If you're really "new" to programming, like, complete beginner, you need to use something like RealBasic and learn the concepts behind OOP (object-orientated programming)... this will keep you busy enough... if you try to dive into Cocoa right away without some sort of instruction you'll get lost without a trace...

Yeah, even though I don't like the software too much, RealBasic is definately a great place for beginners to dig in... once you start mastering RB, you can move on to more robust, complex developing environments like Cocoa and Java... (that intro to Java tutorial on sun's site is such a load of crap)...


----------



## symphonix (Nov 9, 2002)

Java is also a really good one to start with for Cocoa programming. Although the apps will be a little slower than Objective-C Cocoa, it is a little easier to get off the ground and learn with.


----------



## Oscar Castillo (Nov 9, 2002)

If you're totally new, go for that will be the language best for the tasks you wish to accomplish.  If you want to write for Cocoa Objective C is the way to go.  Start with a simple C or C++ book, even the dummies series.  Simple explanation is all that's required to get the basics, then go for "Learning Cocoa with Objectice C" afterwards if you want more you can get "Building Cocoa Applications, A Step by Step Guide".


----------



## MacLuv (Nov 9, 2002)

> _Originally posted by Oscar Castillo _
> *If you're totally new, go for that will be the language best for the tasks you wish to accomplish.  If you want to write for Cocoa Objective C is the way to go.  Start with a simple C or C++ book, even the dummies series.  Simple explanation is all that's required to get the basics, then go for "Learning Cocoa with Objectice C" afterwards if you want more you can get "Building Cocoa Applications, A Step by Step Guide". *



Yeah but for complete newbies I think that's a lot to chew off... don't you?


----------



## Oscar Castillo (Nov 9, 2002)

> _Originally posted by MacLuv _
> *Yeah but for complete newbies I think that's a lot to chew off... don't you? *



Dabbling in languages that are going to be used as nothing more than a stepping stone really is not the way to go as I see it.  Any BASIC language would be a real waste, despite there beaing some decent implementations out there. 
I don't think a simply C book would be impossible to grasp for a newbie.  Starting elsewhere while in the end wanting to end some place totally different would be a waste.


----------



## MacLuv (Nov 9, 2002)

> _Originally posted by Oscar Castillo _
> *Dabbling in languages that are going to be used as nothing more than a stepping stone really is not the way to go as I see it.  Any BASIC language would be a real waste, despite there beaing some decent implementations out there.
> I don't think a simply C book would be impossible to grasp for a newbie.  Starting elsewhere while in the end wanting to end some place totally different would be a waste. *



I certainly don't see it that way... learning how to program in FORTRAN might not be the way step up, but getting to know one's way around an OOP environment is tricky... and can be off-putting. 

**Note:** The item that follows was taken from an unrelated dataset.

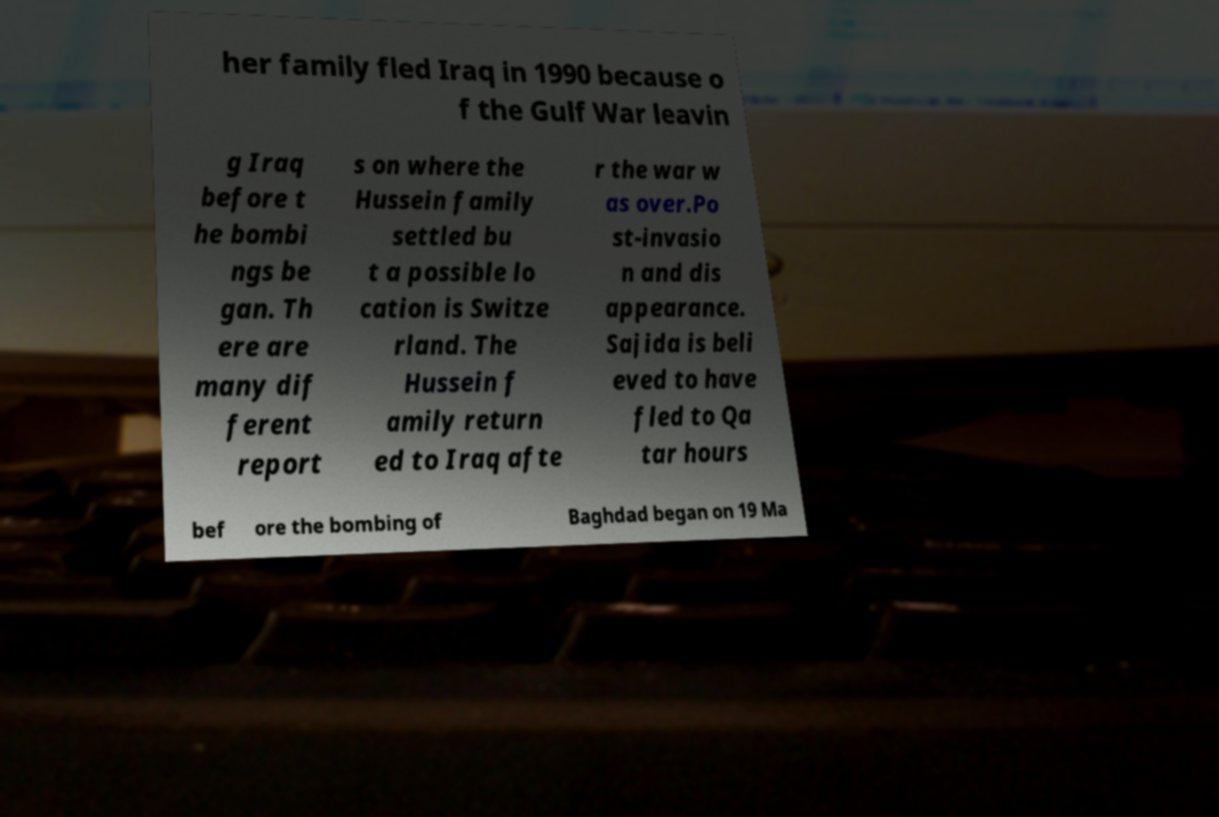Could you extract and type out the text from this image? her family fled Iraq in 1990 because o f the Gulf War leavin g Iraq before t he bombi ngs be gan. Th ere are many dif ferent report s on where the Hussein family settled bu t a possible lo cation is Switze rland. The Hussein f amily return ed to Iraq afte r the war w as over.Po st-invasio n and dis appearance. Sajida is beli eved to have fled to Qa tar hours bef ore the bombing of Baghdad began on 19 Ma 
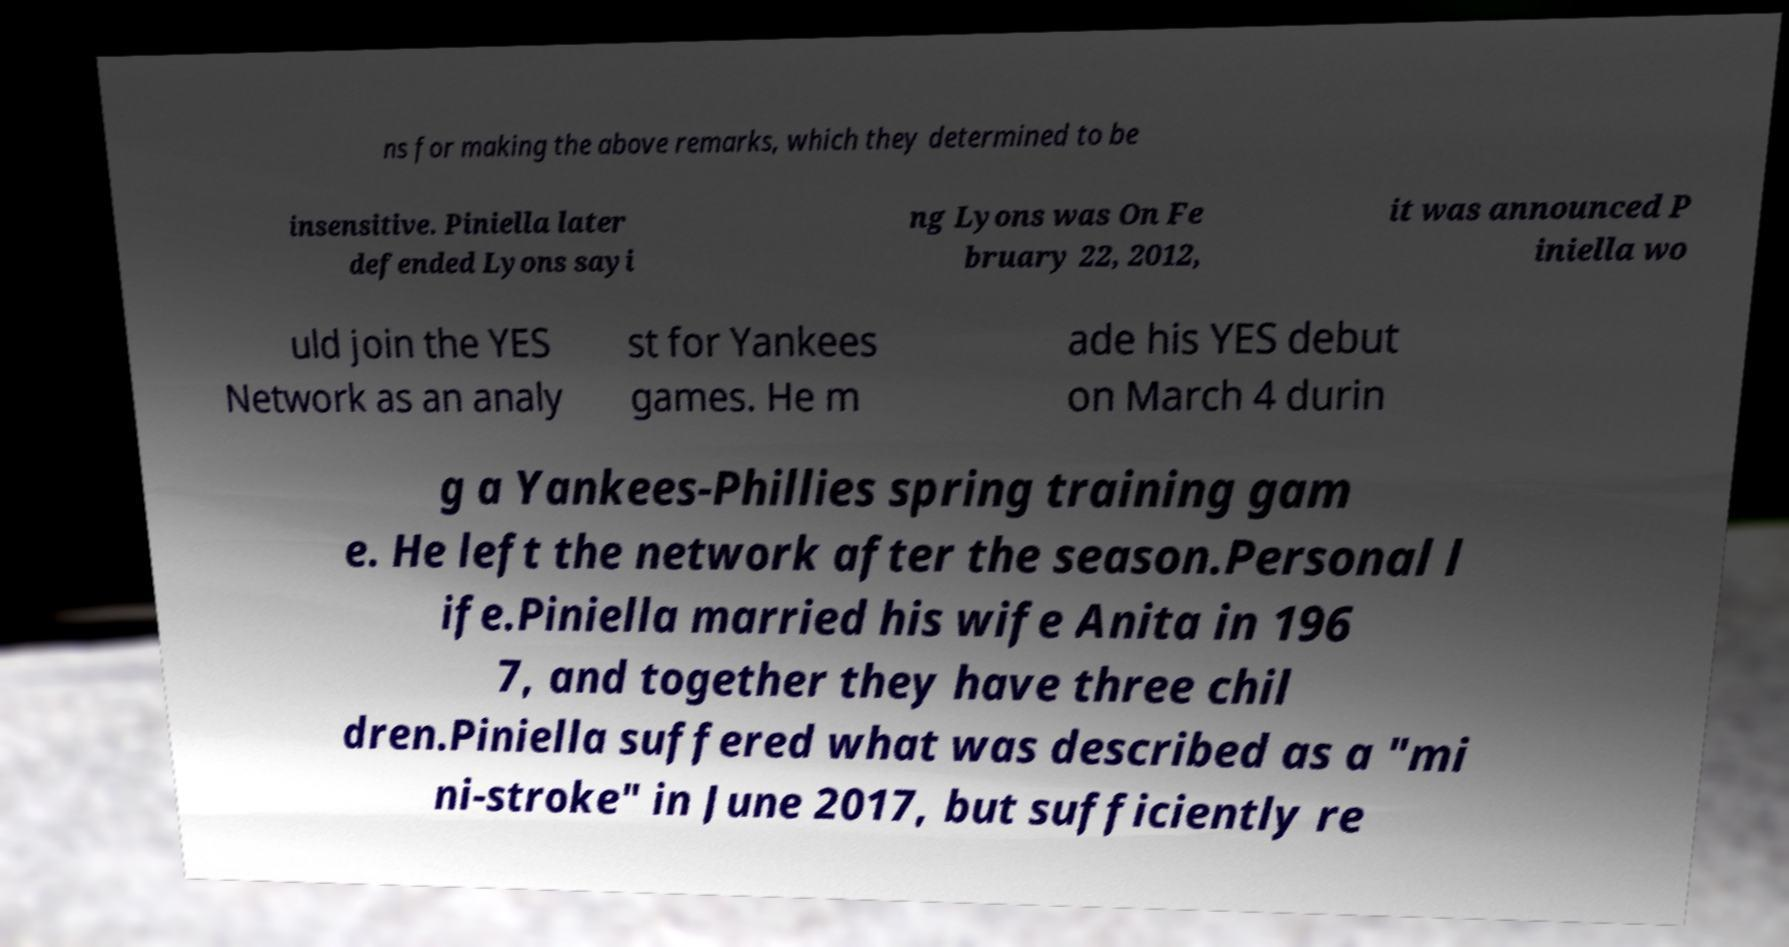Could you extract and type out the text from this image? ns for making the above remarks, which they determined to be insensitive. Piniella later defended Lyons sayi ng Lyons was On Fe bruary 22, 2012, it was announced P iniella wo uld join the YES Network as an analy st for Yankees games. He m ade his YES debut on March 4 durin g a Yankees-Phillies spring training gam e. He left the network after the season.Personal l ife.Piniella married his wife Anita in 196 7, and together they have three chil dren.Piniella suffered what was described as a "mi ni-stroke" in June 2017, but sufficiently re

One must remember that newbies to programming always want to create the killer app after they've compiled their first "Hello World" app... gotta learn how to walk before you learn to run...

that's why I say RB is the perfect educational step-up... it will familiarize people with how programming works without scaring them away, and when they're ready, they can "graduate" to Cocoa. 

I agree that C++ isn't that difficult to muster, but everybody learns at his/her own pace, and one of the biggest gripes I have in the programming world is that it's all geekspeak--nobody takes the time to "translate" programming language into easy to understand concepts for beginners.


----------



## Oscar Castillo (Nov 9, 2002)

Ok you see it differently.  I say any BASIC is a bad start unless he's going to write quick programs for personal use, within a department or organization  for small tasks that don't need the speed or functionality of C.
I specifically said in my original post to begin with a "simple" C book.
"C/C++ for Dummies", even the SAMS "Teach Yourself C++ in 21 days" is very simple and to the point for any beginner.  Line by line explanations. 
Learning OOP techiniques can fill an entire book alone on that subject, but the starting point for a newbie should never be some language he may never use again.  The OOP techniques you mentioned are also done with just about any intro book on Java, C++, Objective-C.  It's a waste to learn RB, its syntax, and then dump it all and retain only the OOP concepts then start all over with another language.


----------



## MacLuv (Nov 10, 2002)

> _Originally posted by Oscar Castillo _
> *Ok you see it differently.  I say any BASIC is a bad start unless he's going to write quick programs for personal use, within a department or organization  for small tasks that don't need the speed or functionality of C.
> *


And what sort of programs would you expect someone new to programming to write? A new P2P client or email client? A sound editor? When people are new to programming, a lot of small accomplishments will lead up to the bigger app, but taking on more than one can chew is setting one up for failure.  



> *
> I specifically said in my original post to begin with a "simple" C book.
> "C/C++ for Dummies", even the SAMS "Teach Yourself C++ in 21 days" is very simple and to the point for any beginner.  Line by line explanations.
> *


These line by line explanations are a good foundation to teach the theory of C, sure, but until one starts to hack away and make mistakes, one will never learn anything. I agree that these are good books but hardly enough to get anyone excited about programming, especially from a newcomers perspective. 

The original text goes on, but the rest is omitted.